Robert S. Calkins, State’s Attorney, of Peoria, (Roland N. Litterst, Assistant State’s Attorney, of counsel,) for appellee.

Mr. JUSTICE DIXON

delivered tíre opinion of the court:

On November 17, 1970, Richard Blakes, 13, was found to be a delinquent following a hearing on a complaint signed by an officer of the Juvenile Division of the Peoria Police Department, which complaint charged theft of a bag of potato chips. On November 24, 1970, a dis-positional hearing was held and the minor was held and the minor was committed to the Department of Corrections, which agency ultimately placed Richard in the Illinois State Training School for Boys at St. Charles.

On December 8, 1969, a verified petition was filed by the School Social Worker of the Peoria Public Schools requesting that Richard Blakes, his sister and two brothers, be declared minors in need of supervision. *569It was alleged that; Richard had been present one-half day during the current school year; his sister Shilley was present three days (left early two of those three days); his brother Robert was present 32 days out of 59; and his brother Bobby was present 30 days out of 59. On February 24, 1970, after a hearing, the petition was amended to be a dependency petition and the court found the minors to be dependents as being without proper parental care and supervision. The court ordered that Richard be taken from the custody of his parents and was placed under the care of Richard S. Laymon, Guardianship Administrator, Department of Children and Family Services, who was appointed Guardian with power to place.

The delinquency complaint was filed June 30, 1970, the cause was continued generally on July 7 because Richard could not be found. Richard was thereafter found and ordered detained but fled the custody of Frank Knoll of the Juvenile Court Services on September 9 and on September 15, 1970, the case was continued generally. Eventually Richard was found, after being at large at least a month, and was adjudicated a delinquent. No claim of error has been made as to the propriety of the adjudicatory proceedings.

At the dispositional hearing held before the Juvenile Court Judge there were present: (1) Richard Blakes, (2) his lawyer, (3) Tony Arciero, the case worker who handled Richard Blakes as a ward of the Dept, of Children and Family Services, (4) Frank Knoll of the Peoria County Department of Juvenile Court Services, and (5) Harold J. Frobish, Assistant State’s Attorney.

Tony Arciero presented a 15 page written social history report to both lawyers and to the court. The court examined the report in open court without objection. The report was never formally offered into evidence but is attached to a Stipulated Statement of Facts which was made a part of the record.

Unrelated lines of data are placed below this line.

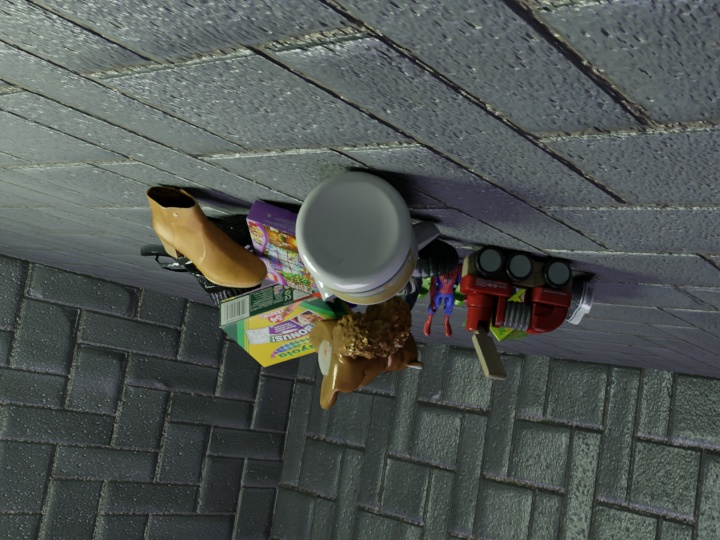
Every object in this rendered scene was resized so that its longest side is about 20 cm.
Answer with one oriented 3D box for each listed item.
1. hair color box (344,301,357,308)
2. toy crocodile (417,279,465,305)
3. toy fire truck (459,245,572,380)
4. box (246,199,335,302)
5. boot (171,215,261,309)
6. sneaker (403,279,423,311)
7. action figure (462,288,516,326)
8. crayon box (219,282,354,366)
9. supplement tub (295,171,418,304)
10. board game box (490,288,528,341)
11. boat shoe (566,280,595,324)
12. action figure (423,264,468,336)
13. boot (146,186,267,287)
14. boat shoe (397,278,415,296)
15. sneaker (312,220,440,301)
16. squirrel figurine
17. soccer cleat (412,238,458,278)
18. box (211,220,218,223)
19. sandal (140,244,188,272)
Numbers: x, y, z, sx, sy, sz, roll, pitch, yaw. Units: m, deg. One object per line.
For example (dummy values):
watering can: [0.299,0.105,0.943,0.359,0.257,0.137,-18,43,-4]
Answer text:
hair color box: [-0.053,0.018,1.774,0.063,0.112,0.200,10,172,-14]
toy crocodile: [0.152,0.015,1.698,0.195,0.063,0.068,11,137,-12]
toy fire truck: [0.244,0.075,1.455,0.172,0.205,0.129,10,173,-4]
box: [-0.102,-0.027,1.459,0.134,0.040,0.201,19,155,12]
boot: [-0.214,-0.010,1.598,0.208,0.081,0.158,-8,136,34]
sneaker: [0.056,0.009,1.617,0.084,0.078,0.202,19,149,24]
action figure: [0.250,0.048,1.674,0.117,0.055,0.201,-32,159,-12]
crayon box: [-0.128,0.091,1.644,0.196,0.059,0.173,-17,144,16]
supplement tub: [0.001,-0.034,1.172,0.141,0.148,0.200,8,172,8]
board game box: [0.303,0.078,1.684,0.048,0.101,0.199,52,-164,16]
boat shoe: [0.369,0.051,1.621,0.066,0.073,0.200,13,176,8]
action figure: [0.153,0.063,1.636,0.064,0.100,0.203,1,135,-3]
boot: [-0.243,-0.054,1.429,0.197,0.072,0.145,20,148,13]
boat shoe: [0.000,0.000,1.527,0.198,0.060,0.075,29,145,24]
sneaker: [0.010,-0.052,1.313,0.197,0.117,0.074,-26,170,-11]
squirrel figurine: [0.028,0.131,1.574,0.183,0.144,0.201,0,145,-25]
soccer cleat: [0.061,-0.035,1.423,0.195,0.069,0.081,11,160,-4]
box: [-0.275,-0.057,1.731,0.154,0.052,0.200,11,173,-9]
sandal: [-0.339,-0.015,1.779,0.195,0.044,0.076,11,174,6]
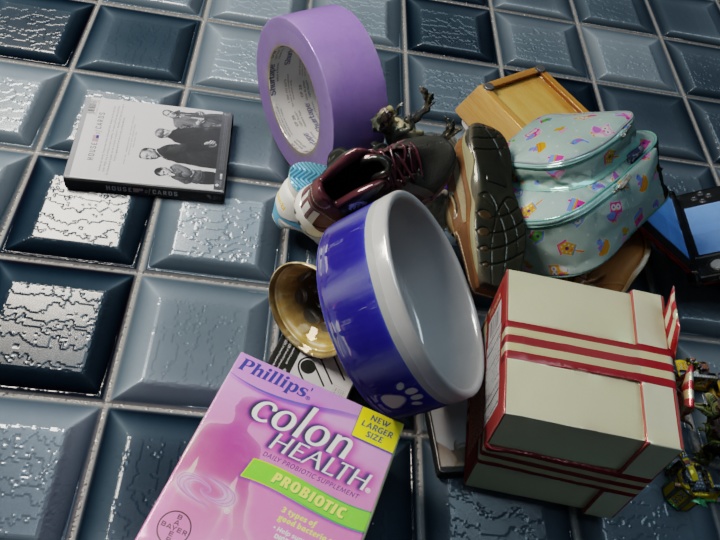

Frank Knoll advised the court that his Department had no facility in which to place Richard.

Tony Arciero suggested that Brown’s School for Boys (of Texas) might take Richard, that he had not pursued the possibility because his superior felt that the financial expense was prohibitive. The court directed Frank Knoll to call immediately to determine the cost. While Frank Knoll was making the call Richard suggested that he be returned to his parents but the court said this was not possible. Frank Knoll returned to the courtroom and advised the court that Brown’s School would consider accepting Richard but the cost would be in excess of $950.00 per month. The court felt that the financial level was unacceptable and committed Richard to the Department of Corrections.

*570The social history report was prepared Nov. 23, 1970. On that date the father’s whereabouts were unknown and the mother was in quarantine at the T.B. Sanatorium. The whereabouts of a brother John, aged 17 were unknown and the sister Shillie, aged 15% was unknown. Two younger brothers were in the Meridell Home for Boys, Texas, a younger sister was in a foster home in Peoria. The report showed a complete inability on the part of the mother to function as a responsible parent and total desertion of the family by the father.

The report concludes, “It is obvious from Richard’s family history he is an unfortunate victim of circumstances and society — his values, goals, desires, needs, and wants were distorted and heavily influenced by his home and total living environment. His motives for theft and other related crimes can be associated, with the basic needs of every human being — that is, food and clothing. Richard had no home to go to and ■ thereby lived as best as he could — by any means he knew of. He had no image to follow in terms of society’s proper values as standards. Theoretically, Richard, in this worker’s opinion, cannot be held responsible for his actions and behavior. Technically, Richard may be termed a menace to society and for the well being of the public, Richard should be committed to an. institution. Again, unfortunately, there is no available institution to attempt .to rehabilitate Richard, mainly due to his nature of running away. Various institutions have been contacted as to the placement of Richard, but due to his history, he is not acceptable”.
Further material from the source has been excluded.